Stored items from a collection:

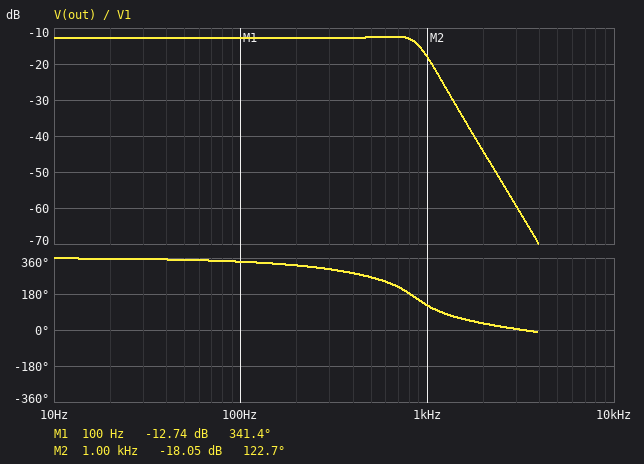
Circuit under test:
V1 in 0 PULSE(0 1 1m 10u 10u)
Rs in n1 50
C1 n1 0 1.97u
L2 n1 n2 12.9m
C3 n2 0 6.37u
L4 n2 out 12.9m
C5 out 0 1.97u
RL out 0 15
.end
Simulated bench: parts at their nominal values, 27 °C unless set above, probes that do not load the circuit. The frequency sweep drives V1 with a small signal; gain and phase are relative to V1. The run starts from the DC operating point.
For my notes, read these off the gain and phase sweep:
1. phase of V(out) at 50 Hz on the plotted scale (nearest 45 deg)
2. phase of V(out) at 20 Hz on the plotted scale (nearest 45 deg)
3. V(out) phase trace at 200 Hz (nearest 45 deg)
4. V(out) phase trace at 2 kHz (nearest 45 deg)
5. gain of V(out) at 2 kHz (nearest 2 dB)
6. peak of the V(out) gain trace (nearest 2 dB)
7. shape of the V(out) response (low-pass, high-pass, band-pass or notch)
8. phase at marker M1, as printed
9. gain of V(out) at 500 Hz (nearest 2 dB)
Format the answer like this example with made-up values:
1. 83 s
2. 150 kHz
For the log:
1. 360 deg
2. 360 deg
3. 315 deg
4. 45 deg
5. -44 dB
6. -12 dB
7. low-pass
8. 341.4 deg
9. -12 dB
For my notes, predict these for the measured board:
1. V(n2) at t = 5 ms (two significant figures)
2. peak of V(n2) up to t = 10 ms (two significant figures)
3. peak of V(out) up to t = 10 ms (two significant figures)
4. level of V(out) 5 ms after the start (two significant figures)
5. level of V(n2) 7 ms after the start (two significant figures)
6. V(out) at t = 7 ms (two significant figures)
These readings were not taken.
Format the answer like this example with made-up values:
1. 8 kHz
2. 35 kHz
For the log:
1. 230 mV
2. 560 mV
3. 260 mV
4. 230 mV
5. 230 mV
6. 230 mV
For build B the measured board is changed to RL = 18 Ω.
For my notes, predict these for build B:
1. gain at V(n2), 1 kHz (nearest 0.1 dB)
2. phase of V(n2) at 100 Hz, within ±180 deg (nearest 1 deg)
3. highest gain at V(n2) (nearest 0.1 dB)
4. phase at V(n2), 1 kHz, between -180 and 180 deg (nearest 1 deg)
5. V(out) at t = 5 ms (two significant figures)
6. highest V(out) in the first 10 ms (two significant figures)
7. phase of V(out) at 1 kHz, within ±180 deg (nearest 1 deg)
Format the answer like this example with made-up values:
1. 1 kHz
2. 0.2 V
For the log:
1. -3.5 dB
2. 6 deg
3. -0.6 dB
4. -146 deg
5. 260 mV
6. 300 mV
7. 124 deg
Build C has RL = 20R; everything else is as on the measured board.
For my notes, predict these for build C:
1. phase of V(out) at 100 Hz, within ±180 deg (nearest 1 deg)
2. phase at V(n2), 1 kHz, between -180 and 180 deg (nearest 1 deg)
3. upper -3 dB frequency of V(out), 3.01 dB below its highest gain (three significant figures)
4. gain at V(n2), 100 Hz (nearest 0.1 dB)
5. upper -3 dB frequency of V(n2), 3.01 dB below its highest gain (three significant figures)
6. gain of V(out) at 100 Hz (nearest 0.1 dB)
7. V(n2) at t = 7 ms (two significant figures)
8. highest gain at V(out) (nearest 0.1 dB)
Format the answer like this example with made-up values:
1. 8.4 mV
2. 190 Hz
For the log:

■ **Work instruction**
Every line from the one containing "8. phase at marker M1, as printed" through the end of the data must be repeated exactly, and no other line.

■ **Final answer**
8. phase at marker M1, as printed
9. gain of V(out) at 500 Hz (nearest 2 dB)
Format the answer like this example with made-up values:
1. 83 s
2. 150 kHz
For the log:
1. 360 deg
2. 360 deg
3. 315 deg
4. 45 deg
5. -44 dB
6. -12 dB
7. low-pass
8. 341.4 deg
9. -12 dB
For my notes, predict these for the measured board:
1. V(n2) at t = 5 ms (two significant figures)
2. peak of V(n2) up to t = 10 ms (two significant figures)
3. peak of V(out) up to t = 10 ms (two significant figures)
4. level of V(out) 5 ms after the start (two significant figures)
5. level of V(n2) 7 ms after the start (two significant figures)
6. V(out) at t = 7 ms (two significant figures)
These readings were not taken.
Format the answer like this example with made-up values:
1. 8 kHz
2. 35 kHz
For the log:
1. 230 mV
2. 560 mV
3. 260 mV
4. 230 mV
5. 230 mV
6. 230 mV
For build B the measured board is changed to RL = 18 Ω.
For my notes, predict these for build B:
1. gain at V(n2), 1 kHz (nearest 0.1 dB)
2. phase of V(n2) at 100 Hz, within ±180 deg (nearest 1 deg)
3. highest gain at V(n2) (nearest 0.1 dB)
4. phase at V(n2), 1 kHz, between -180 and 180 deg (nearest 1 deg)
5. V(out) at t = 5 ms (two significant figures)
6. highest V(out) in the first 10 ms (two significant figures)
7. phase of V(out) at 1 kHz, within ±180 deg (nearest 1 deg)
Format the answer like this example with made-up values:
1. 1 kHz
2. 0.2 V
For the log:
1. -3.5 dB
2. 6 deg
3. -0.6 dB
4. -146 deg
5. 260 mV
6. 300 mV
7. 124 deg
Build C has RL = 20R; everything else is as on the measured board.
For my notes, predict these for build C:
1. phase of V(out) at 100 Hz, within ±180 deg (nearest 1 deg)
2. phase at V(n2), 1 kHz, between -180 and 180 deg (nearest 1 deg)
3. upper -3 dB frequency of V(out), 3.01 dB below its highest gain (three significant figures)
4. gain at V(n2), 100 Hz (nearest 0.1 dB)
5. upper -3 dB frequency of V(n2), 3.01 dB below its highest gain (three significant figures)
6. gain of V(out) at 100 Hz (nearest 0.1 dB)
7. V(n2) at t = 7 ms (two significant figures)
8. highest gain at V(out) (nearest 0.1 dB)
Format the answer like this example with made-up values:
1. 8.4 mV
2. 190 Hz
For the log:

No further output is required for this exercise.